(Source records)
....

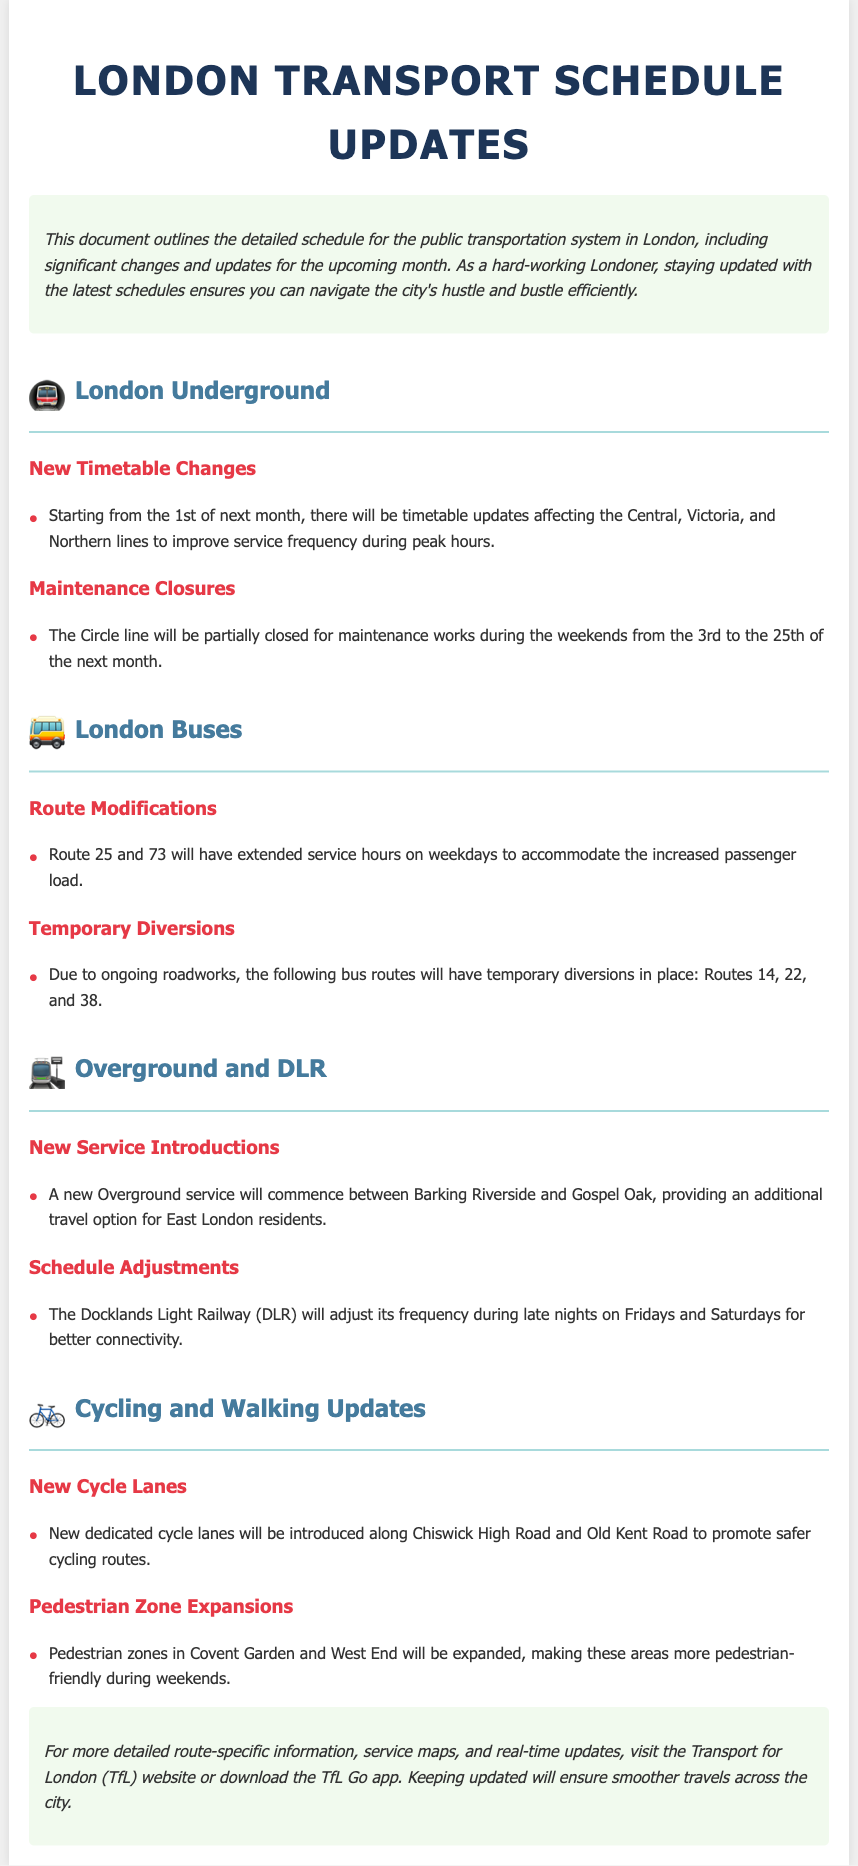What changes are happening to the Central line? The document states there will be timetable updates affecting the Central line starting from the 1st of next month.
Answer: timetable updates What is the duration of the Circle line maintenance closure? The Circle line will be partially closed for maintenance works during the weekends from the 3rd to the 25th of the next month.
Answer: 3rd to 25th Which bus routes are undergoing temporary diversions? The document lists Routes 14, 22, and 38 as having temporary diversions due to ongoing roadworks.
Answer: 14, 22, 38 What new service is being introduced in East London? A new Overground service will commence between Barking Riverside and Gospel Oak.
Answer: Barking Riverside and Gospel Oak How will the DLR's frequency change on weekends? The document indicates that the Docklands Light Railway (DLR) will adjust its frequency during late nights on Fridays and Saturdays.
Answer: late nights What road is mentioned for the new dedicated cycle lanes? The document mentions new dedicated cycle lanes being introduced along Chiswick High Road.
Answer: Chiswick High Road What zones are being expanded in the upcoming changes? The pedestrian zones in Covent Garden and West End will be expanded as stated in the document.
Answer: Covent Garden and West End What resource can be used for real-time updates? The document recommends visiting the Transport for London (TfL) website or downloading the TfL Go app for real-time updates.
Answer: TfL website or TfL Go app 
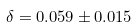Convert formula to latex. <formula><loc_0><loc_0><loc_500><loc_500>\delta = 0 . 0 5 9 \pm 0 . 0 1 5</formula> 
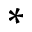<formula> <loc_0><loc_0><loc_500><loc_500>*</formula>

....

→ Your task: Where a line above contains the word "website", show that line.

→ Written response:
Answer: Covent Garden and West End What resource can be used for real-time updates? The document recommends visiting the Transport for London (TfL) website or downloading the TfL Go app for real-time updates.
Answer: TfL website or TfL Go app 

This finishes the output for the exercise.